Istri Jelekku Season 2
Bab 22


__ADS_3

Di tempat lain, tepatnya di acara ulang tahun Ralisya.


Raydan masih asyik mengobrol dengan Ralisya dan teman-teman sekelasnya, dia benar-benar lupa bahwa saat ini Rayna sudah tak berada di acara tersebut.


"Ray," Gerry menepuk bahu Raydan, membuat Raydan sampai melihat ke arahnya.


"Eh, Ger, dimana Rayna?" tanya Raydan sambil melihat sekeliling mencari Rayna.


"Ha, Rayna nggak sama kamu, Ray?" tanya Gerry.


"Nggak, lah. Rayna, kan, sama kamu." ucap Raydan.


"Lah, aku pikir sama kamu. Tadi, aku tinggal ke toilet, pas aku balik, aku nggak bisa nemuin Rayna." ucap Gerry.


"Apa? Kamu serius?" tanya Raydan memastikan.


"Serius, Ray, aku nggak bisa nemuin Rayna." ucap Gerry.


"Kenapa, Ray?" tanya Seshi.


"Gerry nggak bisa nemuin Rayna," Raydan mulai gelisah mendengarkan adiknya tak ada di acara tersebut.


Belum sempat Seshi mengatakan sesuatu, Raydan sudah lebih dulu meninggalkan teman-temannya, bahkan Raydan tak lagi peduli pada Ralisya yang tengah menatapnya dengan tatapan bingung, entah apa yang ada di pikiran Ralisya tentang Raydan yang terlihat begitu panik saat Rayna menghilang.


Raydan mencari Rayna di area tersebut, dan benar tak ada Rayna di sana.


Jantung Raydan berdegup kencang, dia mengusap wajah kasar.


"Kamu dimana, De?" gumam Raydan.


Raydan benar-benar panik saat ini, dia cemas karena tak bisa melihat Rayna.


"Aarrgghhh ,,, bodoh. Bisa-bisanya kamu mengabaikan Rayna," Raydan mengacak rambut frustasi.


Dia merogoh saku celananya dan akan menghubungi nomor Rayna, namun belum sempat dia memanggil nomor Rayna sudah ada panggilan masuk dari papanya, dengan ragu dia menjawab telpon itu.

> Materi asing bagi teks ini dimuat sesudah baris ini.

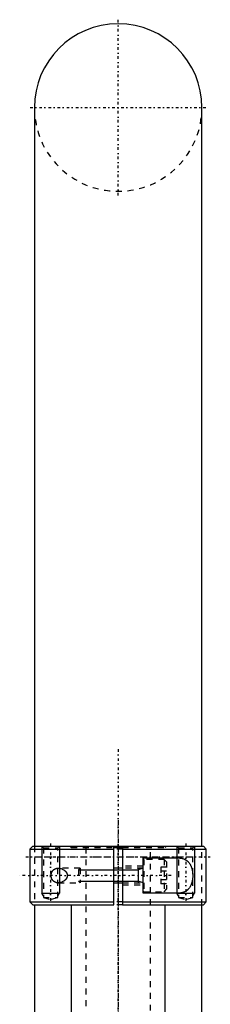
# Model space of a CAD drawing. Extents: x -100 to 100, y -58 to 429.
# Tile 12 of 12: x -17 to 16, y 261 to 429. Entities that reach past the tile are written whole.
import ezdxf

# ---------------------------------------------------------------- set-up
doc = ezdxf.new("R2010")
doc.units = 0
doc.linetypes.add('CENTER', pattern=[1.5, 0.45, -0.5, 0.05, -0.5])
doc.linetypes.add('DASHED', pattern=[2, 1, -1])
for name, color, linetype in [('AM_0', 7, 'CONTINUOUS'), ('AM_10', 7, 'CONTINUOUS'), ('AM_3', 7, 'DASHED'), ('AM_7', 7, 'CENTER')]:
    doc.layers.add(name, color=color, linetype=linetype)

msp = doc.modelspace()

# ---------------------------------------------------------------- linework, layer by layer
at = {"layer": 'AM_0', "color": 7, "linetype": 'CONTINUOUS'}
for p, q in [((-14.25, 413.75), (-14.25, 288)), ((14.25, 288), (14.25, 413.75)), ((-14.5, 288), (-15, 287.5)), ((-15, 287.5), (-15, 278.5)), ((-15, 287.5), (-0.75, 287.5)), ((-14.5, 288), (14.5, 288)), ((-0.75, 278), (-0.75, 288)), ((-0.75, 287.75), (0.75, 287.75)), ((0.75, 288), (0.75, 278)), ((0.75, 287.5), (15, 287.5)), ((15, 287.5), (14.5, 288)), ((15, 278.5), (15, 287.5)), ((4.25, 286), (10.2, 286)), ((4.25, 280), (4.25, 286)), ((0.75, 284.25), (-0.75, 284.25)), ((-0.75, 281.75), (0.75, 281.75)), ((10.2, 280), (4.25, 280)), ((-15, 278.5), (-14.5, 278)), ((-15, 278.5), (-0.75, 278.5)), ((0.75, 278.5), (15, 278.5)), ((14.5, 278), (15, 278.5)), ((-14.5, 278), (-0.75, 278)), ((-14.25, 278), (-14.25, 256.2)), ((-8, 278), (-8, 228.5)), ((0.75, 278), (14.5, 278)), ((8, 228.5), (8, 278)), ((14.25, 256.2), (14.25, 278))]:
    msp.add_line(p, q, dxfattribs=at)
for points in [[(10.2, 286, 0), (10.23, 286, 0), (10.31, 286, 0), (10.38, 286, 0), (10.41, 285.99, 0), (10.45, 285.99, 0), (10.52, 285.98, 0), (10.59, 285.98, 0), (10.67, 285.97, 0), (10.74, 285.95, 0), (10.81, 285.94, 0), (10.84, 285.93, 0), (10.88, 285.92, 0), (10.95, 285.91, 0), (11.02, 285.88, 0), (11.09, 285.86, 0), (11.16, 285.84, 0), (11.22, 285.81, 0), (11.26, 285.8, 0), (11.29, 285.78, 0), (11.35, 285.75, 0), (11.42, 285.72, 0), (11.45, 285.7, 0), (11.48, 285.68, 0), (11.54, 285.64, 0), (11.6, 285.6, 0), (11.63, 285.58, 0), (11.66, 285.56, 0), (11.72, 285.51, 0), (11.77, 285.47, 0), (11.83, 285.42, 0), (11.88, 285.37, 0), (11.93, 285.31, 0), (11.96, 285.28, 0), (11.98, 285.26, 0), (12.03, 285.2, 0), (12.08, 285.14, 0), (12.12, 285.07, 0), (12.17, 285.01, 0), (12.21, 284.94, 0), (12.23, 284.91, 0), (12.25, 284.87, 0), (12.29, 284.8, 0), (12.33, 284.73, 0), (12.36, 284.65, 0), (12.4, 284.57, 0), (12.43, 284.48, 0), (12.45, 284.44, 0), (12.46, 284.4, 0), (12.49, 284.31, 0), (12.52, 284.22, 0), (12.55, 284.13, 0), (12.57, 284.03, 0), (12.59, 283.94, 0), (12.6, 283.89, 0), (12.61, 283.84, 0), (12.63, 283.74, 0), (12.64, 283.64, 0), (12.66, 283.55, 0), (12.67, 283.45, 0), (12.68, 283.35, 0), (12.68, 283.3, 0), (12.68, 283.25, 0), (12.69, 283.15, 0), (12.69, 283.05, 0), (12.69, 283, 0), (12.69, 282.95, 0), (12.69, 282.85, 0), (12.68, 282.75, 0), (12.68, 282.7, 0), (12.68, 282.65, 0), (12.67, 282.55, 0), (12.66, 282.45, 0), (12.64, 282.36, 0), (12.63, 282.26, 0), (12.61, 282.16, 0), (12.6, 282.11, 0), (12.59, 282.06, 0), (12.57, 281.97, 0), (12.55, 281.87, 0), (12.52, 281.78, 0), (12.49, 281.69, 0), (12.46, 281.6, 0), (12.45, 281.56, 0), (12.43, 281.52, 0), (12.4, 281.43, 0), (12.36, 281.35, 0), (12.33, 281.27, 0), (12.29, 281.2, 0), (12.25, 281.13, 0), (12.23, 281.09, 0), (12.21, 281.06, 0), (12.17, 280.99, 0), (12.12, 280.93, 0), (12.08, 280.86, 0), (12.03, 280.8, 0), (11.98, 280.74, 0), (11.96, 280.72, 0), (11.93, 280.69, 0), (11.88, 280.63, 0), (11.83, 280.58, 0), (11.77, 280.53, 0), (11.72, 280.49, 0), (11.66, 280.44, 0), (11.63, 280.42, 0), (11.6, 280.4, 0), (11.54, 280.36, 0), (11.48, 280.32, 0), (11.45, 280.3, 0), (11.42, 280.28, 0), (11.35, 280.25, 0), (11.29, 280.22, 0), (11.26, 280.2, 0), (11.22, 280.19, 0), (11.16, 280.16, 0), (11.09, 280.14, 0), (11.02, 280.12, 0), (10.95, 280.09, 0), (10.88, 280.08, 0), (10.84, 280.07, 0), (10.81, 280.06, 0), (10.74, 280.05, 0), (10.67, 280.03, 0), (10.59, 280.02, 0), (10.52, 280.02, 0), (10.45, 280.01, 0), (10.41, 280.01, 0), (10.38, 280, 0), (10.31, 280, 0), (10.23, 280, 0), (10.2, 280, 0)], [(-10.2, 281.75, 0), (-10.21, 281.75, 0), (-10.24, 281.75, 0), (-10.28, 281.75, 0), (-10.29, 281.75, 0), (-10.31, 281.75, 0), (-10.34, 281.76, 0), (-10.37, 281.76, 0), (-10.4, 281.76, 0), (-10.43, 281.77, 0), (-10.47, 281.78, 0), (-10.48, 281.78, 0), (-10.5, 281.78, 0), (-10.53, 281.79, 0), (-10.56, 281.8, 0), (-10.59, 281.81, 0), (-10.62, 281.82, 0), (-10.65, 281.83, 0), (-10.67, 281.84, 0), (-10.68, 281.84, 0), (-10.71, 281.86, 0), (-10.74, 281.87, 0), (-10.76, 281.88, 0), (-10.77, 281.88, 0), (-10.8, 281.9, 0), (-10.83, 281.92, 0), (-10.84, 281.92, 0), (-10.86, 281.93, 0), (-10.89, 281.95, 0), (-10.91, 281.97, 0), (-10.94, 281.99, 0), (-10.97, 282.01, 0), (-10.99, 282.03, 0), (-11.01, 282.05, 0), (-11.02, 282.06, 0), (-11.04, 282.08, 0), (-11.07, 282.11, 0), (-11.09, 282.13, 0), (-11.11, 282.16, 0), (-11.13, 282.18, 0), (-11.14, 282.2, 0), (-11.15, 282.21, 0), (-11.18, 282.24, 0), (-11.2, 282.27, 0), (-11.22, 282.31, 0), (-11.23, 282.34, 0), (-11.25, 282.37, 0), (-11.26, 282.39, 0), (-11.27, 282.41, 0), (-11.29, 282.45, 0), (-11.3, 282.48, 0), (-11.32, 282.52, 0), (-11.33, 282.56, 0), (-11.34, 282.6, 0), (-11.35, 282.62, 0), (-11.35, 282.64, 0), (-11.36, 282.68, 0), (-11.37, 282.72, 0), (-11.38, 282.77, 0), (-11.39, 282.81, 0), (-11.39, 282.85, 0), (-11.39, 282.87, 0), (-11.4, 282.89, 0), (-11.4, 282.94, 0), (-11.4, 282.98, 0), (-11.4, 283, 0), (-11.4, 283.02, 0), (-11.4, 283.06, 0), (-11.4, 283.11, 0), (-11.39, 283.13, 0), (-11.39, 283.15, 0), (-11.39, 283.19, 0), (-11.38, 283.23, 0), (-11.37, 283.28, 0), (-11.36, 283.32, 0), (-11.35, 283.36, 0), (-11.35, 283.38, 0), (-11.34, 283.4, 0), (-11.33, 283.44, 0), (-11.32, 283.48, 0), (-11.3, 283.52, 0), (-11.29, 283.55, 0), (-11.27, 283.59, 0), (-11.26, 283.61, 0), (-11.25, 283.63, 0), (-11.23, 283.66, 0), (-11.22, 283.69, 0), (-11.2, 283.73, 0), (-11.18, 283.76, 0), (-11.15, 283.79, 0), (-11.14, 283.8, 0), (-11.13, 283.82, 0), (-11.11, 283.84, 0), (-11.09, 283.87, 0), (-11.07, 283.89, 0), (-11.04, 283.92, 0), (-11.02, 283.94, 0), (-11.01, 283.95, 0), (-10.99, 283.97, 0), (-10.97, 283.99, 0), (-10.94, 284.01, 0), (-10.91, 284.03, 0), (-10.89, 284.05, 0), (-10.86, 284.07, 0), (-10.84, 284.08, 0), (-10.83, 284.08, 0), (-10.8, 284.1, 0), (-10.77, 284.12, 0), (-10.76, 284.12, 0), (-10.74, 284.13, 0), (-10.71, 284.14, 0), (-10.68, 284.16, 0), (-10.67, 284.16, 0), (-10.65, 284.17, 0), (-10.62, 284.18, 0), (-10.59, 284.19, 0), (-10.56, 284.2, 0), (-10.53, 284.21, 0), (-10.5, 284.22, 0), (-10.48, 284.22, 0), (-10.47, 284.22, 0), (-10.43, 284.23, 0), (-10.4, 284.24, 0), (-10.37, 284.24, 0), (-10.34, 284.24, 0), (-10.31, 284.25, 0), (-10.29, 284.25, 0), (-10.28, 284.25, 0), (-10.24, 284.25, 0), (-10.21, 284.25, 0), (-10.2, 284.25, 0)], [(-10.2, 284.25, 0), (-10.15, 284.25, 0), (-10.04, 284.24, 0), (-9.94, 284.23, 0), (-9.88, 284.22, 0), (-9.83, 284.21, 0), (-9.72, 284.18, 0), (-9.61, 284.14, 0), (-9.5, 284.09, 0), (-9.4, 284.04, 0), (-9.3, 283.98, 0), (-9.25, 283.95, 0), (-9.2, 283.92, 0), (-9.14, 283.87, 0), (-9.13, 283.86, 0), (-9.11, 283.85, 0), (-9.1, 283.84, 0), (-9.1, 283.84, 0), (-9.08, 283.82, 0), (-9.07, 283.81, 0), (-9.05, 283.8, 0), (-9.04, 283.78, 0), (-9.02, 283.77, 0), (-9.01, 283.76, 0), (-9.01, 283.76, 0), (-8.99, 283.74, 0), (-8.98, 283.73, 0), (-8.96, 283.71, 0), (-8.95, 283.7, 0), (-8.93, 283.68, 0), (-8.93, 283.67, 0), (-8.92, 283.66, 0), (-8.91, 283.65, 0), (-8.89, 283.63, 0), (-8.88, 283.61, 0), (-8.87, 283.6, 0), (-8.85, 283.58, 0), (-8.85, 283.57, 0), (-8.84, 283.56, 0), (-8.83, 283.54, 0), (-8.82, 283.52, 0), (-8.8, 283.5, 0), (-8.79, 283.48, 0), (-8.78, 283.46, 0), (-8.78, 283.45, 0), (-8.77, 283.45, 0), (-8.76, 283.43, 0), (-8.75, 283.4, 0), (-8.75, 283.39, 0), (-8.74, 283.38, 0), (-8.73, 283.36, 0), (-8.72, 283.34, 0), (-8.72, 283.33, 0), (-8.72, 283.32, 0), (-8.71, 283.3, 0), (-8.7, 283.28, 0), (-8.69, 283.26, 0), (-8.69, 283.24, 0), (-8.68, 283.21, 0), (-8.68, 283.2, 0), (-8.68, 283.19, 0), (-8.67, 283.17, 0), (-8.67, 283.15, 0), (-8.67, 283.12, 0), (-8.66, 283.1, 0), (-8.66, 283.08, 0), (-8.66, 283.07, 0), (-8.66, 283.06, 0), (-8.66, 283.03, 0), (-8.66, 283.01, 0), (-8.66, 283, 0)], [(-8.66, 283, 0), (-8.66, 282.99, 0), (-8.66, 282.97, 0), (-8.66, 282.94, 0), (-8.66, 282.93, 0), (-8.66, 282.92, 0), (-8.66, 282.9, 0), (-8.67, 282.88, 0), (-8.67, 282.85, 0), (-8.67, 282.83, 0), (-8.68, 282.81, 0), (-8.68, 282.8, 0), (-8.68, 282.79, 0), (-8.69, 282.76, 0), (-8.69, 282.74, 0), (-8.7, 282.72, 0), (-8.71, 282.7, 0), (-8.72, 282.68, 0), (-8.72, 282.67, 0), (-8.72, 282.66, 0), (-8.73, 282.64, 0), (-8.74, 282.62, 0), (-8.75, 282.61, 0), (-8.75, 282.6, 0), (-8.76, 282.57, 0), (-8.77, 282.55, 0), (-8.78, 282.55, 0), (-8.78, 282.54, 0), (-8.79, 282.52, 0), (-8.8, 282.5, 0), (-8.82, 282.48, 0), (-8.83, 282.46, 0), (-8.84, 282.44, 0), (-8.85, 282.43, 0), (-8.85, 282.42, 0), (-8.87, 282.4, 0), (-8.88, 282.39, 0), (-8.89, 282.37, 0), (-8.91, 282.35, 0), (-8.92, 282.34, 0), (-8.93, 282.33, 0), (-8.93, 282.32, 0), (-8.95, 282.3, 0), (-8.96, 282.29, 0), (-8.98, 282.27, 0), (-8.99, 282.26, 0), (-9.01, 282.24, 0), (-9.01, 282.24, 0), (-9.02, 282.23, 0), (-9.04, 282.22, 0), (-9.05, 282.2, 0), (-9.07, 282.19, 0), (-9.08, 282.18, 0), (-9.1, 282.16, 0), (-9.1, 282.16, 0), (-9.11, 282.15, 0), (-9.13, 282.14, 0), (-9.14, 282.13, 0), (-9.2, 282.08, 0), (-9.25, 282.05, 0), (-9.3, 282.02, 0), (-9.4, 281.96, 0), (-9.5, 281.91, 0), (-9.61, 281.86, 0), (-9.72, 281.82, 0), (-9.83, 281.79, 0), (-9.88, 281.78, 0), (-9.94, 281.77, 0), (-10.04, 281.76, 0), (-10.15, 281.75, 0), (-10.2, 281.75, 0)]]:
    msp.add_polyline3d(points, dxfattribs=at)
msp.add_arc((0, 413.75), 14.25, 0, 180, dxfattribs=at)
at = {"layer": 'AM_10', "color": 7, "linetype": 'CONTINUOUS'}
for p, q in [((-13, 288), (-13, 280)), ((-10, 288), (-10, 280)), ((10, 288), (10, 280)), ((13, 288), (13, 280)), ((-6.75, 283.97), (3.4, 283.97)), ((4.25, 284.25), (3.4, 283.97)), ((3.4, 284.25), (3.4, 281.75)), ((-6.75, 282.03), (3.4, 282.03)), ((4.25, 281.75), (3.4, 282.03)), ((-12.73, 279.53), (-13, 280)), ((-13, 280), (-10, 280)), ((-10.27, 279.53), (-10, 280)), ((10.27, 279.53), (10, 280)), ((10, 280), (13, 280)), ((12.73, 279.53), (13, 280))]:
    msp.add_line(p, q, dxfattribs=at)
at = {"layer": 'AM_3', "color": 6, "linetype": 'DASHED'}
for p, q in [((-14.25, 288), (-14.25, 278)), ((-13, 288), (-12.73, 287.73)), ((-12.73, 287.73), (-12.73, 279.25)), ((-12.73, 287.73), (-10.27, 287.73)), ((-10.27, 287.73), (-10, 288)), ((-10.27, 279.25), (-10.27, 287.73)), ((-8.25, 288), (-8, 287.75)), ((-8, 287.75), (-0.75, 287.75)), ((-5.5, 287.75), (-5.5, -42)), ((0.75, 287.5), (-0.75, 287.5)), ((0.75, 287.75), (8, 287.75)), ((5.5, -42), (5.5, 287.75)), ((8, 287.75), (8.25, 288)), ((10, 288), (10.27, 287.73)), ((10.27, 287.73), (10.27, 279.25)), ((10.27, 287.73), (12.73, 287.73)), ((12.73, 287.73), (13, 288)), ((12.73, 279.25), (12.73, 287.73)), ((14.25, 278), (14.25, 288)), ((-14.25, 286.2), (14.25, 286.2)), ((7.85, 285.75), (4.35, 285.75)), ((4.35, 285.75), (4.35, 280.25)), ((8.25, 285.35), (7.85, 285.75)), ((7.85, 285.75), (7.85, 280.25)), ((8.25, 285.35), (8.25, 280.65)), ((-6.47, 284.25), (-10.2, 284.25)), ((-6.47, 284.25), (-6.75, 283.97)), ((-6.75, 283.97), (-6.75, 282.03)), ((-6.47, 284.25), (-6.47, 281.75)), ((4.25, 284.6), (0.75, 284.6)), ((4.25, 284.25), (0.75, 284.25)), ((8.25, 284.44), (7.25, 284.44)), ((7.25, 284.44), (7.25, 281.56)), ((8.25, 283.72), (7.25, 283.72)), ((-10.2, 281.75), (-6.47, 281.75)), ((-6.75, 282.03), (-6.47, 281.75)), ((0.75, 281.75), (4.25, 281.75)), ((8.25, 282.28), (7.25, 282.28)), ((0.75, 281.4), (4.25, 281.4)), ((4.35, 280.25), (7.85, 280.25)), ((8.25, 281.56), (7.25, 281.56)), ((7.85, 280.25), (8.25, 280.65)), ((-12.73, 279.25), (-11.5, 278.92)), ((-12.73, 279.25), (-10.27, 279.25)), ((-11.5, 278.92), (-10.27, 279.25)), ((0.75, 278.5), (-0.75, 278.5)), ((10.27, 279.25), (11.5, 278.92)), ((10.27, 279.25), (12.73, 279.25)), ((11.5, 278.92), (12.73, 279.25)), ((0.75, 278), (-0.75, 278))]:
    msp.add_line(p, q, dxfattribs=at)
for centre, radius, start, end in [((0, 413.75), 14.25, 180, 0), ((4.35, 285.65), 0.1, 90, 180), ((4.35, 280.35), 0.1, 180, 270)]:
    msp.add_arc(centre, radius, start, end, dxfattribs=at)
at = {"layer": 'AM_7', "color": 4, "linetype": 'CENTER'}
for p, q in [((0, 398.79), (0, 428.71)), ((-14.96, 413.75), (14.96, 413.75)), ((0, 304.5), (0, -58.5)), ((0, 292.41), (0, 155.79)), ((-11.5, 288.45), (-11.5, 278.47)), ((0, 289.25), (0, -20)), ((11.5, 288.45), (11.5, 278.47)), ((-15.68, 286.2), (15.68, 286.2)), ((9, 283), (-16.75, 283))]:
    msp.add_line(p, q, dxfattribs=at)

doc.saveas('drawing.dxf')

"Pulang sekarang," Tanpa basa basi Randy meminta Raydan untuk kembali ke rumah.


"Tapi, Pa," Raydan menelan air liurnya, jika dia pulang tanpa Rayna sudah dapat di pastikan papanya itu akan marah padanya.


"Ade ada di rumah." ucap Randy yang seolah mengerti putranya itu tengah merasa kebingungan.


"Apa? Papa serius?" tanya Raydan.


"Ya, cepat pulang, sudah malam." ucap Randy.


"Oke, Pa, Abang pulang." Raydan menutup telponnya dan tersenyum lega.


"Ray, mau kemana?" tanya Gerry.


"Aku mau pulang, Rayna sudah ada di rumah." ucap Raydan.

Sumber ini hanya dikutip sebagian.